Multiscale stochastic simulation of transient complex flows

Multiscale stochastic simulation of transient complex flows

The thesis reports new multiscale simulation methods to predict rheological properties of complex fluids. Dilute polymer solutions, polymer melts and fibre suspensions with a Newtonian matrix are the main interests of this study. In the present multiscale approach, the stress contributed by polymers or suspended fibres is determined by the Brownian configuration field (BCF) method using kinetic models whereas integrated radial basis function (IRBF) based numerical methods are used to approximate field variables and their derivatives and to discretise governing equations. The macro-micro multiscale system is linked together by a stress formula by kinetic models.

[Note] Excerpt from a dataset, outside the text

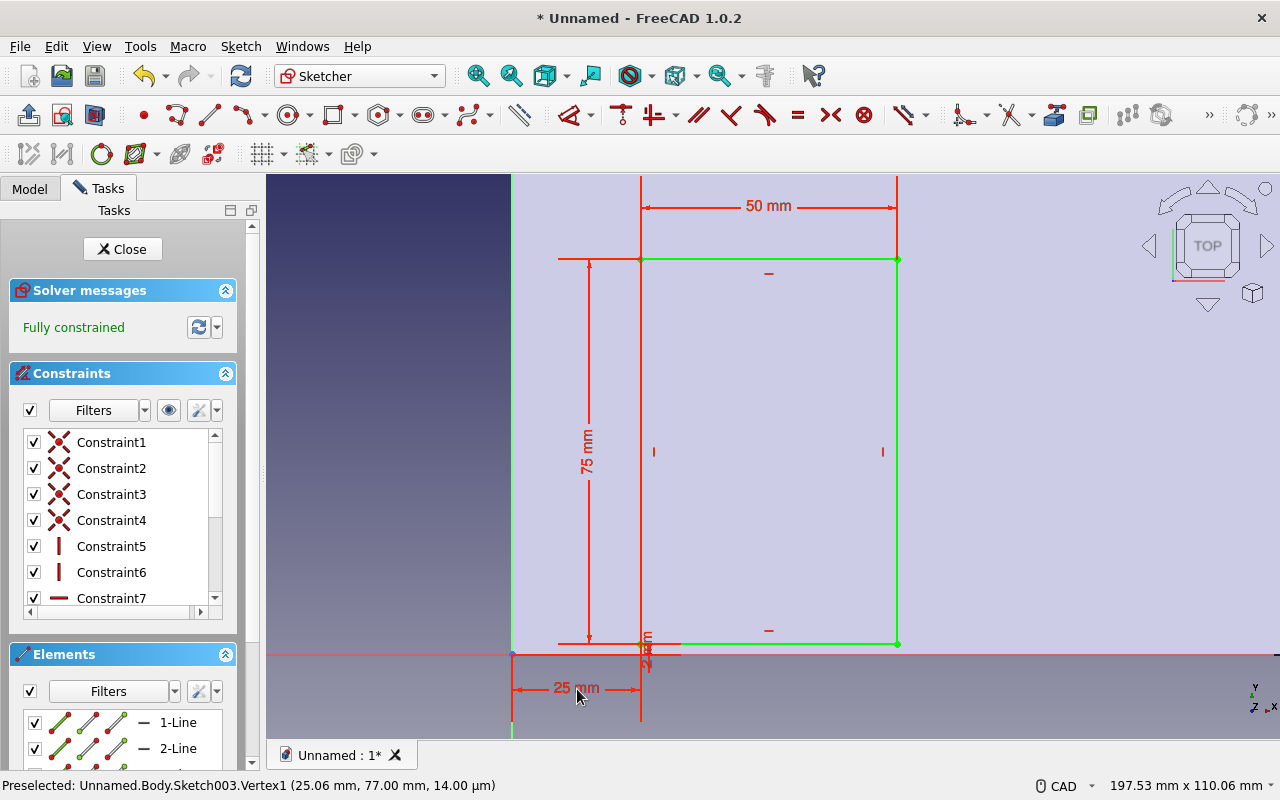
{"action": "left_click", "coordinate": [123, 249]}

The IRBF-BCF based multiscale method is first applied to simulate dilute polymer solutions modelled by bead-spring chains (BSCs), incorporating finitely extensible nonlinear elastic springs, hydrodynamic interaction and excluded volume effects. Then, the simulation method is further developed for polymer melt systems, in which the entanglement of polymer molecules is described by Doi-Edwards, Curtiss-Bird, reptating rope and double reptation models. The numerical stability of the method, which is generally known as a challenging problem in the simulation of polymer melts, is enhanced owing to the combination of the IRBF method and the BCF idea. As an illustration of the method, the start-up Couette flow and the flow over a cylinder in a channel are investigated for both dilute polymer solutions and polymer melts.

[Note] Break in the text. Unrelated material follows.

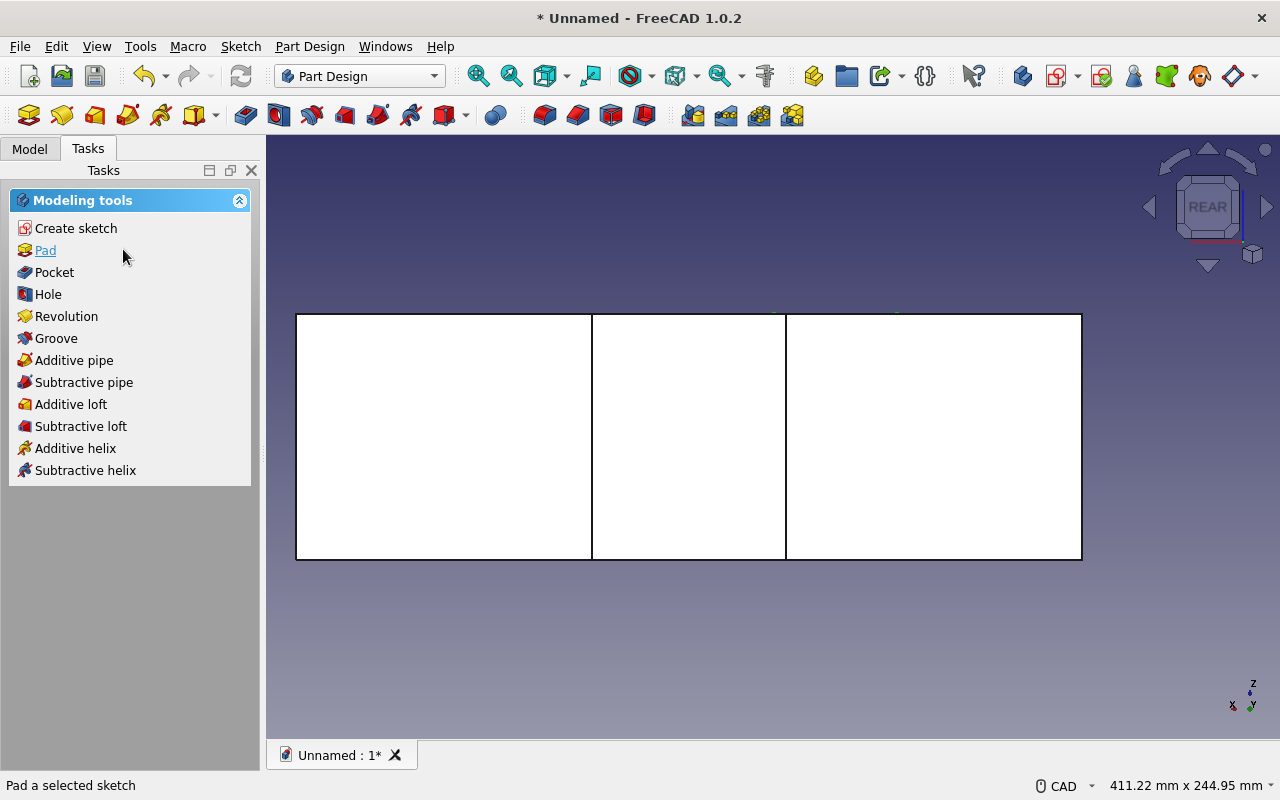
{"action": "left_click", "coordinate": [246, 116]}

A new multiscale approach is also developed to simulate the rheological characteristics of fibre suspensions in both dilute and non-dilute regimes. The approach is a combination of the IRBF scheme, the discrete adaptive viscoelastic stress splitting (DAVSS) formulation and the BCF idea. The macroscopic conservation equations described in stream function-vorticity formulation are solved using the 1D-IRBF scheme combined with the DAVSS technique. The evolution equation for fibre configuration fields governed by the Jeffery equation for dilute fibre suspensions or the Folgar-Tucker equation for non-dilute fibre suspensions is explicitly advanced in time using the BCF approach. The fibre stress is determined based one fibre configuration fields using the Lipscomb and Phan-Thien–Graham models for dilute and non-dilute fibre suspensions, respectively. The method is verified with the simulation of flows of fibre suspensions between two parallel plates, flows through a circular tube, the 4:1 and 4.5:1 axisymmetric contraction flows, and the 1:4 axisymmetric expansion flows.

Numerical experiments confirm the present method efficiency based on both the enhanced convergence rate of the solution and the stability of a stochastic process.